According to the new law, adopted by parliament on April 11 and signed by President Vladimir Putin on April 14, the government now considers a person as being legally summoned for military service upon receiving an electronic conscription notice through their Gosuslugi account, which Russians use to access public services. The electronic notice also automatically triggers travel restrictions, preventing the recipient from leaving the country. If a person fails to appear for service, Russian authorities can suspend their driver’s license and ban them from selling private property. In addition, the law envisages the creation of a new electronic registry documenting all Russians required to serve in the armed forces. According to Radio Free Europe/Radio Liberty, “The registry will collect extensive personal data, such as name, address and passport details, as well as medical, education, tax, criminal, voting, and employment records from numerous government organizations, including the police and communal services agency.”
The DFRLab previously reported on recruitment ads targeting communities in Russia using state information portals.
Russia’s digital expansion
The Unified Portal of State and Municipal Services, known in Russian as Gosuslugi, serves as Russia’s online public services portal. Founded in 2009 by the Russian Ministry of Communications, the portal and its mandate have gradually expanded over the years. The platform is overseen by Rostelecom, the Ministry of Digital Development’s largest contractor for developing government systems, through its subsidiary, RT Labs, which manages Gosuslugi operations.
As of 2022, over seventy million Russian citizens have registered with the public services platform, which they use to register businesses, cars, real estate, university applications, and even doctor appointments, among other uses. According to data from the Google Play Store, the Gosuslugi app has been downloaded more than fifty million times, nearly five times the number of downloads for the popular Russian app Yandex Mail.
Gosuslugi has become an unavoidable tool for Russians as public services increasingly go digital. The tool is available across all Russian smartphone marketplaces, including Google’s Play Store and Apple’s App Store. It also maintains a social media presence on platforms like Vkontakte and Telegram, both founded by Russian businessperson Pavel Durov.
The independent Russian news outlet The Bell reported that Russia’s upcoming electronic citizen registry “will receive a significant part of information about the life of potential recruits” from Gosuslugi. However, The Bell noted that questions remain about how the registry organizers will receive up-to-date information, such as someone’s place of residence if they move, as Gosuslugi may not have access to this information. Meduza, citing unnamed sources, reported that the “development of the registry turned into a ‘headache’” for the Ministry of Digital Development due to Russia’s Federal Security Service controlling the process and implementing tight deadlines. Russian Minister for Digital Development Maxut Shadayev stated that the registry will launch “no earlier than the start of the next autumn [2023] conscription for military service.”

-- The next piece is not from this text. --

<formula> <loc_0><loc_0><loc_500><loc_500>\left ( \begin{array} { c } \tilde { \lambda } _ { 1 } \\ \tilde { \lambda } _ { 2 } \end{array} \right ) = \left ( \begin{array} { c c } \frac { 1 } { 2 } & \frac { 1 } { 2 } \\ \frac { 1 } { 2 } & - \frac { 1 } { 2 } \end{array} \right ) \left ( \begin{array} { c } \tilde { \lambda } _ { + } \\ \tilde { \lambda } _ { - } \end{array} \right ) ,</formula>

According to an April 2023 article by Carnegie Senior Fellow Tatiana Stanovaya, the Kremlin is developing a “digital gulag” that serves as “a digital system of social control by regulating individual access to rights and benefits,” adding, “Being outside of this system will effectively spell social death.” Due to the infringement of rights brought on by the new bill, which impacts a person’s ability to leave the country, possess a driving license or real estate, access loans, and more, Stanovaya concluded, “[I]t’s no longer just about regulating the draft or further mobilization. The state is seeking to overhaul the traditional system of government coercion, to automate control of individual behavior without involving those individuals, their lawyers, or the courts.”
Vulnerable to misuse
On April 25, RBC and the government-affiliated Telegram channel Baza reported that a resident of Russia’s Sakhalin Island was signed up as a volunteer for the war in Ukraine after his Gosuslugi account was hacked. According to Baza, the Sakhalin resident received an unknown call from someone who introduced themselves as an employee of Gosuslugi and told the victim he had been hacked. The victim was reportedly asked to confirm a code he had just received on his phone via SMS; this likely served as a verification code that the caller could use to gain access to the account. Baza reported that three days later, the Sakhalin resident found himself signed up as a volunteer for Russia’s war in Ukraine when checking his Gosuslugi account. According to the post, the person was disabled, and “even if he wanted to, he could not have joined the special operation.”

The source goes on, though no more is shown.